**Problem to work on**
Look over the entries that follow and work out how many lines contain "width". State the number only.

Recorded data
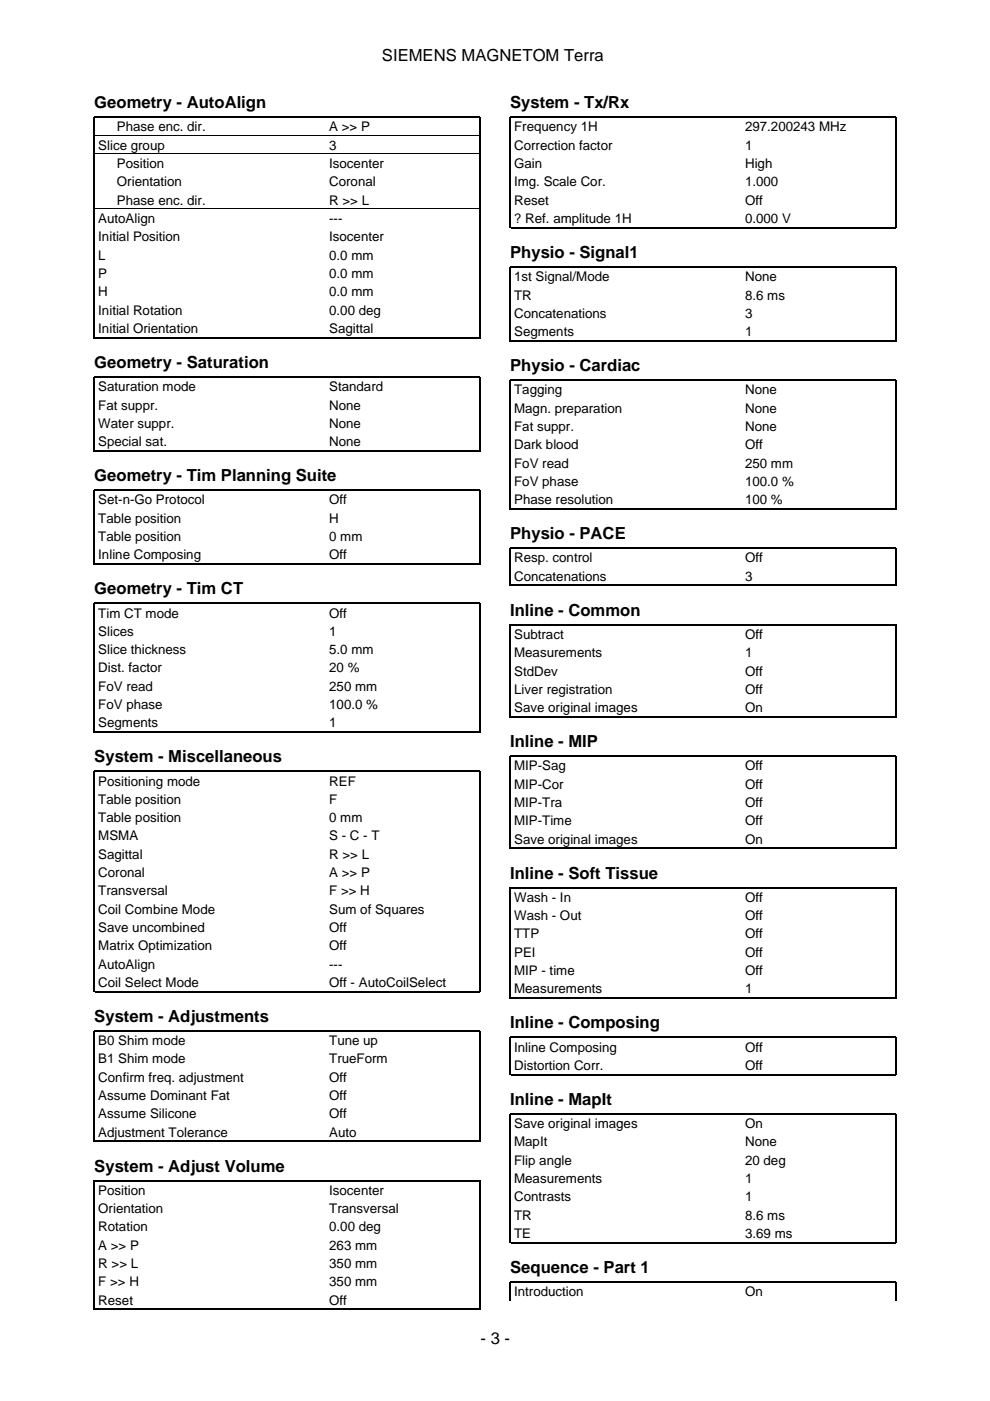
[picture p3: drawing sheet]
<svg xmlns="http://www.w3.org/2000/svg" width="210mm" height="297mm" viewBox="0 0 210 297" stroke-linecap="round" stroke-linejoin="round" font-family="sans-serif">
<defs><g id="words">
<g font-size="3.5">
<text x="81" y="12.9">SIEMENS MAGNETOM Terra</text>
<text x="20" y="22.9">Geometry - AutoAlign</text>
<text x="108.2" y="22.9">System - Tx/Rx</text>
<text x="108.2" y="54.7">Physio - Signal1</text>
<text x="20" y="78">Geometry - Saturation</text>
<text x="108.2" y="78.7">Physio - Cardiac</text>
<text x="20" y="102">Geometry - Tim Planning Suite</text>
<text x="108.2" y="114.3">Physio - PACE</text>
<text x="20" y="126">Geometry - Tim CT</text>
<text x="108.2" y="130.5">Inline - Common</text>
<text x="20" y="161.6">System - Miscellaneous</text>
<text x="108.2" y="158.4">Inline - MIP</text>
<text x="108.2" y="186.3">Inline - Soft Tissue</text>
<text x="20" y="216.7">System - Adjustments</text>
<text x="108.2" y="218">Inline - Composing</text>
<text x="108.2" y="234.2">Inline - MapIt</text>
<text x="20" y="248.4">System - Adjust Volume</text>
<text x="108.2" y="269.9">Sequence - Part 1</text>
<text x="101.9" y="284.9">- 3 -</text>
</g>
<g font-size="2.8">
<text x="24.8" y="27.9">Phase enc. dir.</text>
<text x="69.8" y="27.9">A &gt;&gt; P</text>
<text x="109" y="27.9">Frequency 1H</text>
<text x="158" y="27.9">297.200243 MHz</text>
<text x="20.8" y="31.7">Slice group</text>
<text x="24.8" y="35.7">Position</text>
<text x="69.8" y="31.7">3</text>
<text x="69.8" y="35.7">Isocenter</text>
<text x="109" y="31.7">Correction factor</text>
<text x="109" y="35.6">Gain</text>
<text x="158" y="31.7">1</text>
<text x="158" y="35.6">High</text>
<text x="24.8" y="39.5">Orientation</text>
<text x="69.8" y="39.5">Coronal</text>
<text x="109" y="39.5">Img. Scale Cor.</text>
<text x="158" y="39.5">1.000</text>
<text x="20.8" y="47.3">AutoAlign</text>
<text x="24.8" y="43.4">Phase enc. dir.</text>
<text x="69.8" y="43.4">R &gt;&gt; L</text>
<text x="69.8" y="47.3">---</text>
<text x="109" y="43.4">Reset</text>
<text x="109" y="47.3">? Ref. amplitude 1H</text>
<text x="158" y="43.4">Off</text>
<text x="158" y="47.3">0.000 V</text>
<text x="20.8" y="51.2">Initial Position</text>
<text x="69.8" y="51.2">Isocenter</text>
<text x="20.8" y="55.1">L</text>
<text x="20.8" y="59">P</text>
<text x="69.8" y="55.1">0.0 mm</text>
<text x="69.8" y="59">0.0 mm</text>
<text x="109" y="59.6">1st Signal/Mode</text>
<text x="158" y="59.6">None</text>
<text x="20.8" y="62.8">H</text>
<text x="69.8" y="62.8">0.0 mm</text>
<text x="109" y="63.5">TR</text>
<text x="158" y="63.5">8.6 ms</text>
<text x="20.8" y="66.7">Initial Rotation</text>
<text x="20.8" y="70.6">Initial Orientation</text>
<text x="69.8" y="66.7">0.00 deg</text>
<text x="69.8" y="70.6">Sagittal</text>
<text x="109" y="67.4">Concatenations</text>
<text x="109" y="71.3">Segments</text>
<text x="158" y="67.4">3</text>
<text x="158" y="71.3">1</text>
<text x="20.8" y="82.9">Saturation mode</text>
<text x="69.8" y="82.9">Standard</text>
<text x="109" y="83.6">Tagging</text>
<text x="158" y="83.6">None</text>
<text x="20.8" y="86.8">Fat suppr.</text>
<text x="69.8" y="86.8">None</text>
<text x="109" y="87.5">Magn. preparation</text>
<text x="158" y="87.5">None</text>
<text x="20.8" y="90.7">Water suppr.</text>
<text x="20.8" y="94.6">Special sat.</text>
<text x="69.8" y="90.7">None</text>
<text x="69.8" y="94.6">None</text>
<text x="109" y="91.4">Fat suppr.</text>
<text x="109" y="95.2">Dark blood</text>
<text x="158" y="91.4">None</text>
<text x="158" y="95.2">Off</text>
<text x="109" y="99.1">FoV read</text>
<text x="158" y="99.1">250 mm</text>
<text x="20.8" y="106.9">Set-n-Go Protocol</text>
<text x="69.8" y="106.9">Off</text>
<text x="109" y="103">FoV phase</text>
<text x="109" y="106.9">Phase resolution</text>
<text x="158" y="103">100.0 %</text>
<text x="158" y="106.9">100 %</text>
<text x="20.8" y="110.8">Table position</text>
<text x="69.8" y="110.8">H</text>
<text x="20.8" y="114.7">Table position</text>
<text x="20.8" y="118.6">Inline Composing</text>
<text x="69.8" y="114.7">0 mm</text>
<text x="69.8" y="118.6">Off</text>
<text x="109" y="119.2">Resp. control</text>
<text x="158" y="119.2">Off</text>
<text x="109" y="123.1">Concatenations</text>
<text x="158" y="123.1">3</text>
<text x="20.8" y="130.9">Tim CT mode</text>
<text x="69.8" y="130.9">Off</text>
<text x="20.8" y="134.8">Slices</text>
<text x="69.8" y="134.8">1</text>
<text x="109" y="135.5">Subtract</text>
<text x="158" y="135.5">Off</text>
<text x="20.8" y="138.7">Slice thickness</text>
<text x="20.8" y="142.6">Dist. factor</text>
<text x="69.8" y="138.7">5.0 mm</text>
<text x="69.8" y="142.6">20 %</text>
<text x="109" y="139.3">Measurements</text>
<text x="109" y="143.2">StdDev</text>
<text x="158" y="139.3">1</text>
<text x="158" y="143.2">Off</text>
<text x="20.8" y="146.4">FoV read</text>
<text x="69.8" y="146.4">250 mm</text>
<text x="109" y="147.1">Liver registration</text>
<text x="158" y="147.1">Off</text>
<text x="20.8" y="150.3">FoV phase</text>
<text x="20.8" y="154.2">Segments</text>
<text x="69.8" y="150.3">100.0 %</text>
<text x="69.8" y="154.2">1</text>
<text x="109" y="151">Save original images</text>
<text x="158" y="151">On</text>
<text x="20.8" y="166.6">Positioning mode</text>
<text x="69.8" y="166.6">REF</text>
<text x="109" y="163.3">MIP-Sag</text>
<text x="109" y="167.2">MIP-Cor</text>
<text x="158" y="163.3">Off</text>
<text x="158" y="167.2">Off</text>
<text x="20.8" y="170.4">Table position</text>
<text x="69.8" y="170.4">F</text>
<text x="109" y="171.1">MIP-Tra</text>
<text x="158" y="171.1">Off</text>
<text x="20.8" y="174.3">Table position</text>
<text x="20.8" y="178.2">MSMA</text>
<text x="69.8" y="174.3">0 mm</text>
<text x="69.8" y="178.2">S - C - T</text>
<text x="109" y="175">MIP-Time</text>
<text x="109" y="178.9">Save original images</text>
<text x="158" y="175">Off</text>
<text x="158" y="178.9">On</text>
<text x="20.8" y="182.1">Sagittal</text>
<text x="20.8" y="186">Coronal</text>
<text x="69.8" y="182.1">R &gt;&gt; L</text>
<text x="69.8" y="186">A &gt;&gt; P</text>
<text x="20.8" y="189.8">Transversal</text>
<text x="69.8" y="189.8">F &gt;&gt; H</text>
<text x="109" y="191.2">Wash - In</text>
<text x="158" y="191.2">Off</text>
<text x="20.8" y="193.7">Coil Combine Mode</text>
<text x="20.8" y="197.6">Save uncombined</text>
<text x="69.8" y="193.7">Sum of Squares</text>
<text x="69.8" y="197.6">Off</text>
<text x="109" y="195.1">Wash - Out</text>
<text x="158" y="195.1">Off</text>
<text x="20.8" y="201.5">Matrix Optimization</text>
<text x="69.8" y="201.5">Off</text>
<text x="109" y="199">TTP</text>
<text x="109" y="202.8">PEI</text>
<text x="158" y="199">Off</text>
<text x="158" y="202.8">Off</text>
<text x="20.8" y="205.4">AutoAlign</text>
<text x="20.8" y="209.2">Coil Select Mode</text>
<text x="69.8" y="205.4">---</text>
<text x="69.8" y="209.2">Off - AutoCoilSelect</text>
<text x="109" y="206.7">MIP - time</text>
<text x="158" y="206.7">Off</text>
<text x="109" y="210.6">Measurements</text>
<text x="158" y="210.6">1</text>
<text x="20.8" y="221.6">B0 Shim mode</text>
<text x="69.8" y="221.6">Tune up</text>
<text x="20.8" y="225.5">B1 Shim mode</text>
<text x="69.8" y="225.5">TrueForm</text>
<text x="109" y="223">Inline Composing</text>
<text x="109" y="226.8">Distortion Corr.</text>
<text x="158" y="223">Off</text>
<text x="158" y="226.8">Off</text>
<text x="20.8" y="229.3">Confirm freq. adjustment</text>
<text x="20.8" y="233.2">Assume Dominant Fat</text>
<text x="69.8" y="229.3">Off</text>
<text x="69.8" y="233.2">Off</text>
<text x="20.8" y="237.1">Assume Silicone</text>
<text x="69.8" y="237.1">Off</text>
<text x="109" y="239.2">Save original images</text>
<text x="158" y="239.2">On</text>
<text x="20.8" y="241">Adjustment Tolerance</text>
<text x="69.8" y="241">Auto</text>
<text x="109" y="243.1">MapIt</text>
<text x="158" y="243.1">None</text>
<text x="109" y="246.9">Flip angle</text>
<text x="109" y="250.8">Measurements</text>
<text x="158" y="246.9">20 deg</text>
<text x="158" y="250.8">1</text>
<text x="20.8" y="253.3">Position</text>
<text x="20.8" y="257.2">Orientation</text>
<text x="69.8" y="253.3">Isocenter</text>
<text x="69.8" y="257.2">Transversal</text>
<text x="109" y="254.7">Contrasts</text>
<text x="158" y="254.7">1</text>
<text x="20.8" y="261.1">Rotation</text>
<text x="69.8" y="261.1">0.00 deg</text>
<text x="109" y="258.6">TR</text>
<text x="109" y="262.5">TE</text>
<text x="158" y="258.6">8.6 ms</text>
<text x="158" y="262.5">3.69 ms</text>
<text x="20.8" y="265">A &gt;&gt; P</text>
<text x="20.8" y="268.9">R &gt;&gt; L</text>
<text x="69.8" y="265">263 mm</text>
<text x="69.8" y="268.9">350 mm</text>
<text x="20.8" y="272.7">F &gt;&gt; H</text>
<text x="69.8" y="272.7">350 mm</text>
<text x="109" y="274.8">Introduction</text>
<text x="158" y="274.8">On</text>
<text x="20.8" y="276.6">Reset</text>
<text x="69.8" y="276.6">Off</text>
</g>
</g></defs>
<g fill="none" stroke="#000" stroke-width=".26">
<path d="M108.2 48.4v-23.6h81.8v23.6M108.3 48.3h81.6M20 71.7v-46.9h81.8v46.9M20.1 71.6h81.6M108.2 72.4v-15.8h81.8v15.8M108.3 72.2h81.6M20 95.7v-15.8h81.8v15.8M20.1 95.6h81.6M20 119.7v-15.8h81.8v15.8M20.1 119.6h81.6M108.2 108v-27.4h81.8v27.4M108.3 107.9h81.6"/>
<path d="M108.2 124.2v-8h81.8v8M108.3 124.1h81.6M20 155.3v-27.4h81.8v27.4M20.1 155.2h81.6M108.2 152.1v-19.7h81.8v19.7M108.3 152h81.6M20 163.6h81.8M20 163.5v46.9M101.8 163.5v46.9M108.2 180v-19.7h81.8v19.7M108.3 179.8h81.6M20.1 210.2h81.6"/>
<path d="M108.2 211.7v-23.5h81.8v23.5M108.3 211.6h81.6M108.2 228v-8.1h81.8v8.1M108.3 227.8h81.6M20 242.1v-23.5h81.8v23.5M20.1 242h81.6M20 277.8v-27.5h81.8v27.5M20.1 277.6h81.6M108.2 263.6v-27.4h81.8v27.4M108.2 275.7v-3.9h81.8v3.9M108.3 263.5h81.6"/>
</g>
<path d="M20.1 28.7h81.6M20.1 32.6h81.6M20.1 44.3h81.6" fill="none" stroke="#000" stroke-width=".21"/>
<use href="#words"/>
</svg>

**Output of the task**
3